# Me & my pal Cougar at the range



## Guest (Feb 19, 2006)

I decided to spend my range time Saturday afternoon with just my new Cougar 8000F, I left my 92 at home. The cougar has a little more kick to it compared to the 92, so I wanted to spend some "quality time" with the cougar so I could get use to it.

I started the target off at 25 ft, but was having a hard time achieving a "grouping". So I brought the target back to 21 feet and was able to pull in 2 small groupings. Lower left of center and center.


----------



## Shipwreck (Jan 26, 2006)

I never did that great w/ the cougar - it does have less than even a 4 inch barrel - so, I attribute it to that.

I got one when they very first came out - For such a large grip, it really should have a longer barrel. Anyway, while it always worked, I just didn't do as well at the range as I would have liked. So, I sold it in 99, I believe.

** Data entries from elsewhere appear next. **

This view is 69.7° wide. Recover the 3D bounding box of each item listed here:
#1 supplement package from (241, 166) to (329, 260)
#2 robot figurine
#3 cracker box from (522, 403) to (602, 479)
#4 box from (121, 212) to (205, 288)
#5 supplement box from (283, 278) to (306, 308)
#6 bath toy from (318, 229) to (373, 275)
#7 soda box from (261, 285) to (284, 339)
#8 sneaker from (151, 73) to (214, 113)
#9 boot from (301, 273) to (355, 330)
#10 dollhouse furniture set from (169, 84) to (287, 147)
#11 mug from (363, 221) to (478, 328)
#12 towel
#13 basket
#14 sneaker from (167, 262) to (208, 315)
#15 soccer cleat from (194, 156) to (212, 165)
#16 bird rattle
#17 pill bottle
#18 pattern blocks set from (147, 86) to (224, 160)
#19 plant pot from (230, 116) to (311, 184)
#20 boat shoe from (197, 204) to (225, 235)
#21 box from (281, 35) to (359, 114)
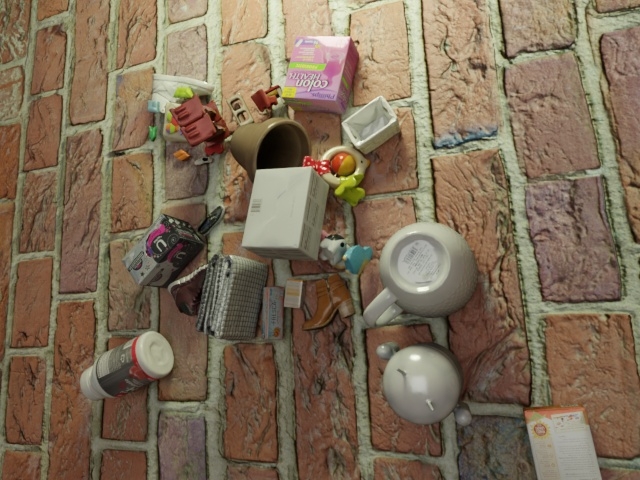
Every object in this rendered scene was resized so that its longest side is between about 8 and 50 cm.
[{"bbox_3d":[-0.108,-0.081,1.457,0.204,0.145,0.262,1,72,25],"label":"supplement package"},{"bbox_3d":[0.286,0.386,1.263,0.300,0.353,0.200,34,93,22],"label":"robot figurine"},{"bbox_3d":[0.657,0.574,1.251,0.155,0.067,0.232,-11,76,19],"label":"cracker box"},{"bbox_3d":[-0.594,0.045,1.742,0.247,0.163,0.142,-48,68,7],"label":"box"},{"bbox_3d":[-0.089,0.186,1.604,0.062,0.036,0.098,4,82,20],"label":"supplement box"},{"bbox_3d":[0.000,0.000,1.558,0.348,0.151,0.129,26,56,27],"label":"bath toy"},{"bbox_3d":[-0.167,0.252,1.597,0.063,0.058,0.183,-18,69,61],"label":"soda box"},{"bbox_3d":[-0.569,-0.579,1.885,0.292,0.108,0.169,13,96,22],"label":"sneaker"},{"bbox_3d":[0.007,0.211,1.549,0.197,0.073,0.152,-23,75,2],"label":"boot"},{"bbox_3d":[-0.323,-0.487,1.673,0.374,0.201,0.152,-26,97,8],"label":"dollhouse furniture set"},{"bbox_3d":[0.272,0.117,1.328,0.374,0.328,0.276,-45,69,8],"label":"mug"},{"bbox_3d":[-0.300,0.196,1.575,0.121,0.235,0.284,7,82,24],"label":"towel"},{"bbox_3d":[0.177,-0.388,1.570,0.167,0.103,0.113,-33,71,11],"label":"basket"},{"bbox_3d":[-0.430,0.189,1.703,0.281,0.106,0.162,-27,78,25],"label":"sneaker"},{"bbox_3d":[-0.469,-0.318,1.828,0.083,0.035,0.029,-5,79,19],"label":"soccer cleat"},{"bbox_3d":[0.057,-0.238,1.597,0.253,0.143,0.207,30,71,24],"label":"bird rattle"},{"bbox_3d":[-0.725,0.477,1.710,0.318,0.176,0.176,-27,73,14],"label":"pill bottle"},{"bbox_3d":[-0.545,-0.463,1.831,0.324,0.026,0.285,-1,100,16],"label":"pattern blocks set"},{"bbox_3d":[-0.198,-0.319,1.642,0.229,0.263,0.263,27,91,41],"label":"plant pot"},{"bbox_3d":[-0.420,-0.078,1.767,0.049,0.040,0.142,41,96,21],"label":"boat shoe"},{"bbox_3d":[0.001,-0.599,1.663,0.213,0.117,0.243,11,85,21],"label":"box"}]

My SW99 is one of the 1st 4" barrelled guns that I have shot so well w/. Usually, it takes me a 5" barrel to shoot well with. Not sure if it is the weigh, barrel length, or sight radius that does it for me. Anything under 4", and I can't group that well, even at 7 yards.


----------



## Guest (Feb 20, 2006)

Shipwreck said:


> I never did that great w/ the cougar - it does have less than even a 4 inch barrel - so, I attribute it to that.
> 
> I got one when they very first came out - For such a large grip, it really should have a longer barrel. Anyway, while it always worked, I just didn't do as well at the range as I would have liked. So, I sold it in 99, I believe.
> 
> My SW99 is one of the 1st 4" barrelled guns that I have shot so well w/. Usually, it takes me a 5" barrel to shoot well with. Not sure if it is the weigh, barrel length, or sight radius that does it for me. Anything under 4", and I can't group that well, even at 7 yards.


I do much better as well with a longer barrel, I think with a little practice I can get the same results with the cougar though. I love the way the cougar feels, but I can also see where others would not. For me, the shorter barrel length plus the longer grip make the gun feel more balanced. I feel like I can control it better, but that's just me. But, with all that being said, the 92 is alot smoother as far as recoil is concerned, thus easier to get off quicker shots and keep them in a group.


----------